═════ Raw data

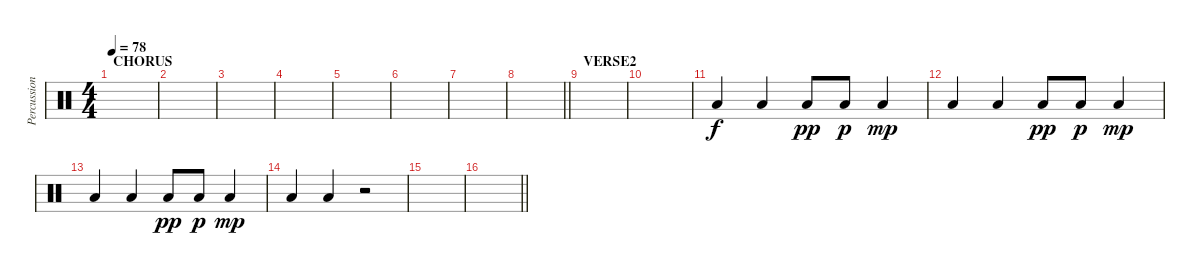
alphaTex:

\track ("Percussion" "Percussion") {instrument percussion}
\staff {score}
\articulation defaults
\ts (4 4)
\section ("" "CHORUS")
\tempo 78
\clef neutral
\ks c
|
|
|
|
|
|
|
\barLineRight lightlight
|
\section ("" "VERSE2")
|
|
"Low Floor Tom (hit)".4 "Low Floor Tom (hit)".4 "Low Floor Tom (hit)".8{dy pp} "Low Floor Tom (hit)".8{dy p} "Low Floor Tom (hit)".4{dy mp} |
"Low Floor Tom (hit)".4 "Low Floor Tom (hit)".4 "Low Floor Tom (hit)".8{dy pp} "Low Floor Tom (hit)".8{dy p} "Low Floor Tom (hit)".4{dy mp} |
"Low Floor Tom (hit)".4 "Low Floor Tom (hit)".4 "Low Floor Tom (hit)".8{dy pp} "Low Floor Tom (hit)".8{dy p} "Low Floor Tom (hit)".4{dy mp} |
"Low Floor Tom (hit)".4 "Low Floor Tom (hit)".4 r.2 |
|
\barLineRight lightlight
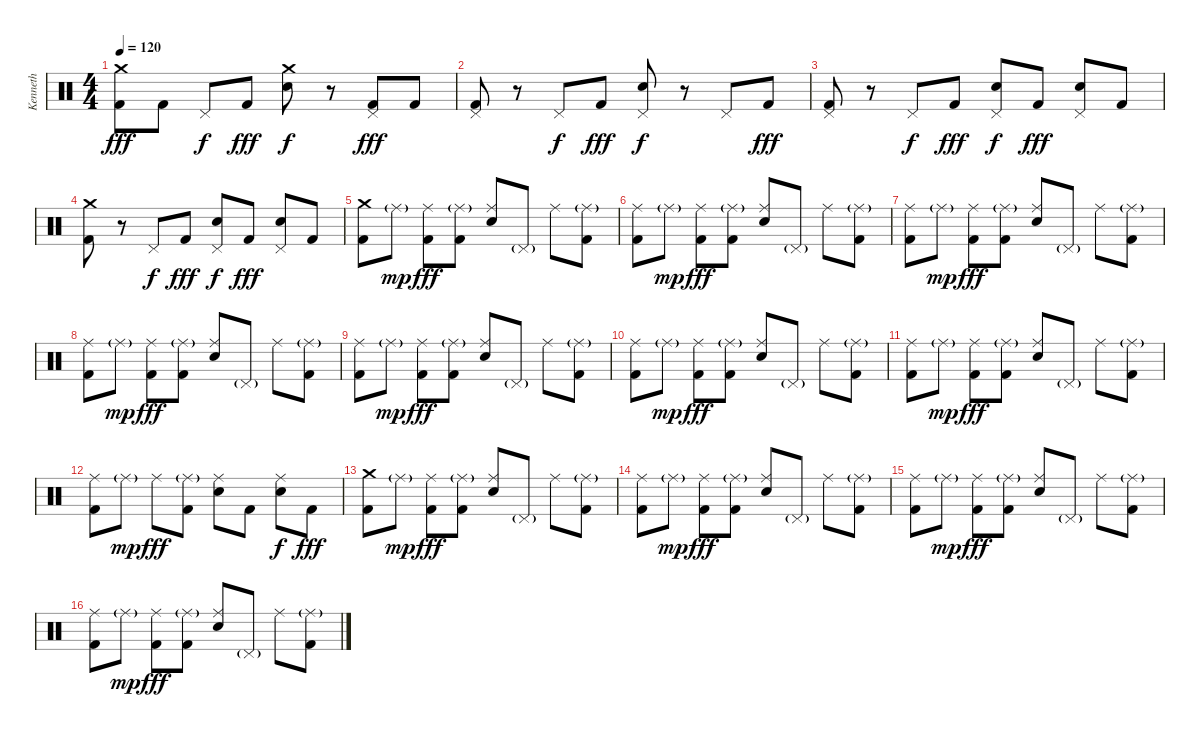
\track ("Kenneth" "Kenneth") {instrument percussion}
\staff {score}
\articulation defaults
\ts (4 4)
\tempo 120
\clef neutral
\ks c
("Crash medium (hit)" "Kick (hit) 2").8{dy fff} "Kick (hit) 2".8 "Pedal Hi-Hat (hit)".8{dy f} "Kick (hit) 2".8{dy fff} ("Crash medium (hit)" "Electric Snare (hit)").8{dy f} r.8 ("Pedal Hi-Hat (hit)" "Kick (hit) 2").8{dy fff} "Kick (hit) 2".8 |
("Pedal Hi-Hat (hit)" "Kick (hit) 2").8 r.8 "Pedal Hi-Hat (hit)".8{dy f} "Kick (hit) 2".8{dy fff} ("Pedal Hi-Hat (hit)" "Electric Snare (hit)").8{dy f} r.8 "Pedal Hi-Hat (hit)".8 "Kick (hit) 2".8{dy fff} |
("Pedal Hi-Hat (hit)" "Kick (hit) 2").8 r.8 "Pedal Hi-Hat (hit)".8{dy f} "Kick (hit) 2".8{dy fff} ("Pedal Hi-Hat (hit)" "Electric Snare (hit)").8{dy f} "Kick (hit) 2".8{dy fff} ("Pedal Hi-Hat (hit)" "Electric Snare (hit)").8 "Kick (hit) 2".8 |
("Crash medium (hit)" "Kick (hit) 2").8 r.8 "Pedal Hi-Hat (hit)".8{dy f} "Kick (hit) 2".8{dy fff} ("Pedal Hi-Hat (hit)" "Electric Snare (hit)").8{dy f} "Kick (hit) 2".8{dy fff} ("Pedal Hi-Hat (hit)" "Electric Snare (hit)").8 "Kick (hit) 2".8 |
("Crash medium (hit)" "Kick (hit) 2").8 "Ride (middle)"{g}.8{dy mp} ("Ride (middle)" "Kick (hit) 2").8{dy fff} ("Ride (middle)"{g} "Kick (hit) 2").8 ("Ride (middle)" "Electric Snare (hit)").8 "Pedal Hi-Hat (hit)"{g}.8 "Ride (middle)".8 ("Ride (middle)"{g} "Kick (hit) 2").8 |
("Ride (middle)" "Kick (hit) 2").8 "Ride (middle)"{g}.8{dy mp} ("Ride (middle)" "Kick (hit) 2").8{dy fff} ("Ride (middle)"{g} "Kick (hit) 2").8 ("Ride (middle)" "Electric Snare (hit)").8 "Pedal Hi-Hat (hit)"{g}.8 "Ride (middle)".8 ("Ride (middle)"{g} "Kick (hit) 2").8 |
("Ride (middle)" "Kick (hit) 2").8 "Ride (middle)"{g}.8{dy mp} ("Ride (middle)" "Kick (hit) 2").8{dy fff} ("Ride (middle)"{g} "Kick (hit) 2").8 ("Ride (middle)" "Electric Snare (hit)").8 "Pedal Hi-Hat (hit)"{g}.8 "Ride (middle)".8 ("Ride (middle)"{g} "Kick (hit) 2").8 |
("Ride (middle)" "Kick (hit) 2").8 "Ride (middle)"{g}.8{dy mp} ("Ride (middle)" "Kick (hit) 2").8{dy fff} ("Ride (middle)"{g} "Kick (hit) 2").8 ("Ride (middle)" "Electric Snare (hit)").8 "Pedal Hi-Hat (hit)"{g}.8 "Ride (middle)".8 ("Ride (middle)"{g} "Kick (hit) 2").8 |
("Ride (middle)" "Kick (hit) 2").8 "Ride (middle)"{g}.8{dy mp} ("Ride (middle)" "Kick (hit) 2").8{dy fff} ("Ride (middle)"{g} "Kick (hit) 2").8 ("Ride (middle)" "Electric Snare (hit)").8 "Pedal Hi-Hat (hit)"{g}.8 "Ride (middle)".8 ("Ride (middle)"{g} "Kick (hit) 2").8 |
("Ride (middle)" "Kick (hit) 2").8 "Ride (middle)"{g}.8{dy mp} ("Ride (middle)" "Kick (hit) 2").8{dy fff} ("Ride (middle)"{g} "Kick (hit) 2").8 ("Ride (middle)" "Electric Snare (hit)").8 "Pedal Hi-Hat (hit)"{g}.8 "Ride (middle)".8 ("Ride (middle)"{g} "Kick (hit) 2").8 |
("Ride (middle)" "Kick (hit) 2").8 "Ride (middle)"{g}.8{dy mp} ("Ride (middle)" "Kick (hit) 2").8{dy fff} ("Ride (middle)"{g} "Kick (hit) 2").8 ("Ride (middle)" "Electric Snare (hit)").8 "Pedal Hi-Hat (hit)"{g}.8 "Ride (middle)".8 ("Ride (middle)"{g} "Kick (hit) 2").8 |
("Ride (middle)" "Kick (hit) 2").8 "Ride (middle)"{g}.8{dy mp} "Ride (middle)".8{dy fff} ("Ride (middle)"{g} "Kick (hit) 2").8 ("Ride (middle)" "Electric Snare (hit)").8 "Kick (hit) 2".8 ("Ride (middle)" "Electric Snare (hit)").8{dy f} "Kick (hit) 2".8{dy fff} |
("Crash medium (hit)" "Kick (hit) 2").8 "Ride (middle)"{g}.8{dy mp} ("Ride (middle)" "Kick (hit) 2").8{dy fff} ("Ride (middle)"{g} "Kick (hit) 2").8 ("Ride (middle)" "Electric Snare (hit)").8 "Pedal Hi-Hat (hit)"{g}.8 "Ride (middle)".8 ("Ride (middle)"{g} "Kick (hit) 2").8 |
("Ride (middle)" "Kick (hit) 2").8 "Ride (middle)"{g}.8{dy mp} ("Ride (middle)" "Kick (hit) 2").8{dy fff} ("Ride (middle)"{g} "Kick (hit) 2").8 ("Ride (middle)" "Electric Snare (hit)").8 "Pedal Hi-Hat (hit)"{g}.8 "Ride (middle)".8 ("Ride (middle)"{g} "Kick (hit) 2").8 |
("Ride (middle)" "Kick (hit) 2").8 "Ride (middle)"{g}.8{dy mp} ("Ride (middle)" "Kick (hit) 2").8{dy fff} ("Ride (middle)"{g} "Kick (hit) 2").8 ("Ride (middle)" "Electric Snare (hit)").8 "Pedal Hi-Hat (hit)"{g}.8 "Ride (middle)".8 ("Ride (middle)"{g} "Kick (hit) 2").8 |
("Ride (middle)" "Kick (hit) 2").8 "Ride (middle)"{g}.8{dy mp} ("Ride (middle)" "Kick (hit) 2").8{dy fff} ("Ride (middle)"{g} "Kick (hit) 2").8 ("Ride (middle)" "Electric Snare (hit)").8 "Pedal Hi-Hat (hit)"{g}.8 "Ride (middle)".8 ("Ride (middle)"{g} "Kick (hit) 2").8
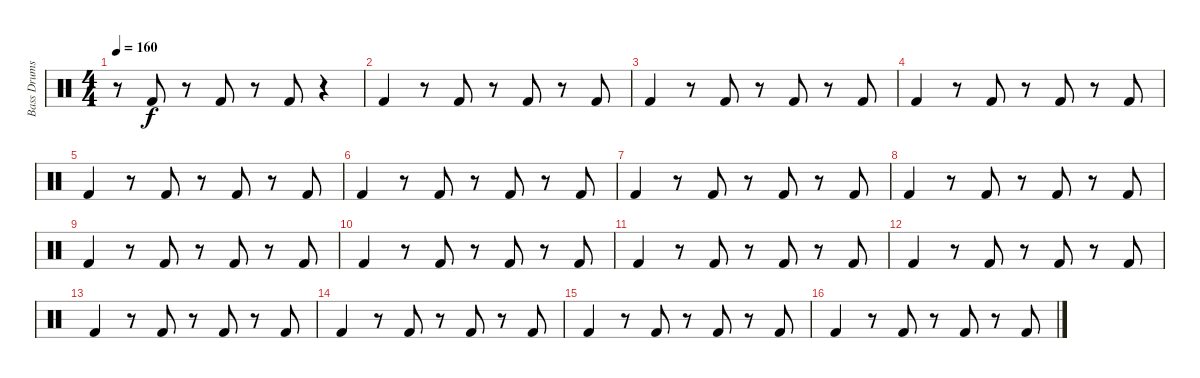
\track ("Bass Drums" "Bass Drums") {instrument percussion}
\staff {score}
\articulation defaults
\ts (4 4)
\tempo 160
\clef neutral
\ks c
r.8{dy f} "Kick (hit) 2".8 r.8 "Kick (hit) 2".8 r.8 "Kick (hit) 2".8 r.4 |
"Kick (hit) 2".4 r.8 "Kick (hit) 2".8 r.8 "Kick (hit) 2".8 r.8 "Kick (hit) 2".8 |
"Kick (hit) 2".4 r.8 "Kick (hit) 2".8 r.8 "Kick (hit) 2".8 r.8 "Kick (hit) 2".8 |
"Kick (hit) 2".4 r.8 "Kick (hit) 2".8 r.8 "Kick (hit) 2".8 r.8 "Kick (hit) 2".8 |
"Kick (hit) 2".4 r.8 "Kick (hit) 2".8 r.8 "Kick (hit) 2".8 r.8 "Kick (hit) 2".8 |
"Kick (hit) 2".4 r.8 "Kick (hit) 2".8 r.8 "Kick (hit) 2".8 r.8 "Kick (hit) 2".8 |
"Kick (hit) 2".4 r.8 "Kick (hit) 2".8 r.8 "Kick (hit) 2".8 r.8 "Kick (hit) 2".8 |
"Kick (hit) 2".4 r.8 "Kick (hit) 2".8 r.8 "Kick (hit) 2".8 r.8 "Kick (hit) 2".8 |
"Kick (hit) 2".4 r.8 "Kick (hit) 2".8 r.8 "Kick (hit) 2".8 r.8 "Kick (hit) 2".8 |
"Kick (hit) 2".4 r.8 "Kick (hit) 2".8 r.8 "Kick (hit) 2".8 r.8 "Kick (hit) 2".8 |
"Kick (hit) 2".4 r.8 "Kick (hit) 2".8 r.8 "Kick (hit) 2".8 r.8 "Kick (hit) 2".8 |
"Kick (hit) 2".4 r.8 "Kick (hit) 2".8 r.8 "Kick (hit) 2".8 r.8 "Kick (hit) 2".8 |
"Kick (hit) 2".4 r.8 "Kick (hit) 2".8 r.8 "Kick (hit) 2".8 r.8 "Kick (hit) 2".8 |
"Kick (hit) 2".4 r.8 "Kick (hit) 2".8 r.8 "Kick (hit) 2".8 r.8 "Kick (hit) 2".8 |
"Kick (hit) 2".4 r.8 "Kick (hit) 2".8 r.8 "Kick (hit) 2".8 r.8 "Kick (hit) 2".8 |
"Kick (hit) 2".4 r.8 "Kick (hit) 2".8 r.8 "Kick (hit) 2".8 r.8 "Kick (hit) 2".8
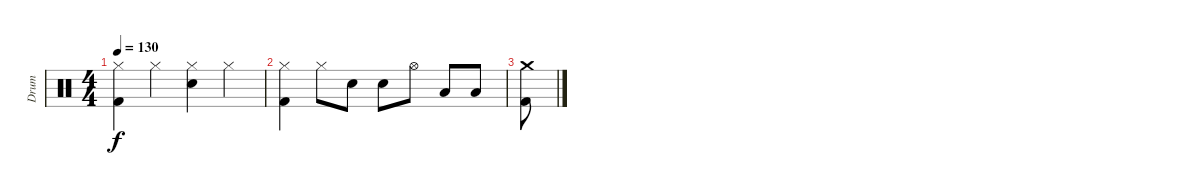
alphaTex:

\track ("Drum" "Drum") {instrument percussion}
\staff {score}
\articulation defaults
\ts (4 4)
\tempo 130
\clef neutral
\ks c
("Hi-Hat (closed)" "Kick (hit) 2").4{dy f} "Hi-Hat (closed)".4 ("Hi-Hat (closed)" "Snare (hit) 2").4 "Hi-Hat (closed)".4 |
("Hi-Hat (closed)" "Kick (hit) 2").4 "Hi-Hat (closed)".8 "Snare (hit) 2".8 "Snare (hit) 2".8 "Hi-Hat (open)".8 "Low Tom (hit)".8 "Low Tom (hit)".8 |
("Crash medium (hit)" "Kick (hit) 2").8

══════════

Task details: Return all lines from the entries that contain the string "percussion".

Answer section:
\track ("Percussion" "Percussion") {instrument percussion}
\track ("Kenneth" "Kenneth") {instrument percussion}
\track ("Bass Drums" "Bass Drums") {instrument percussion}
\track ("Drum" "Drum") {instrument percussion}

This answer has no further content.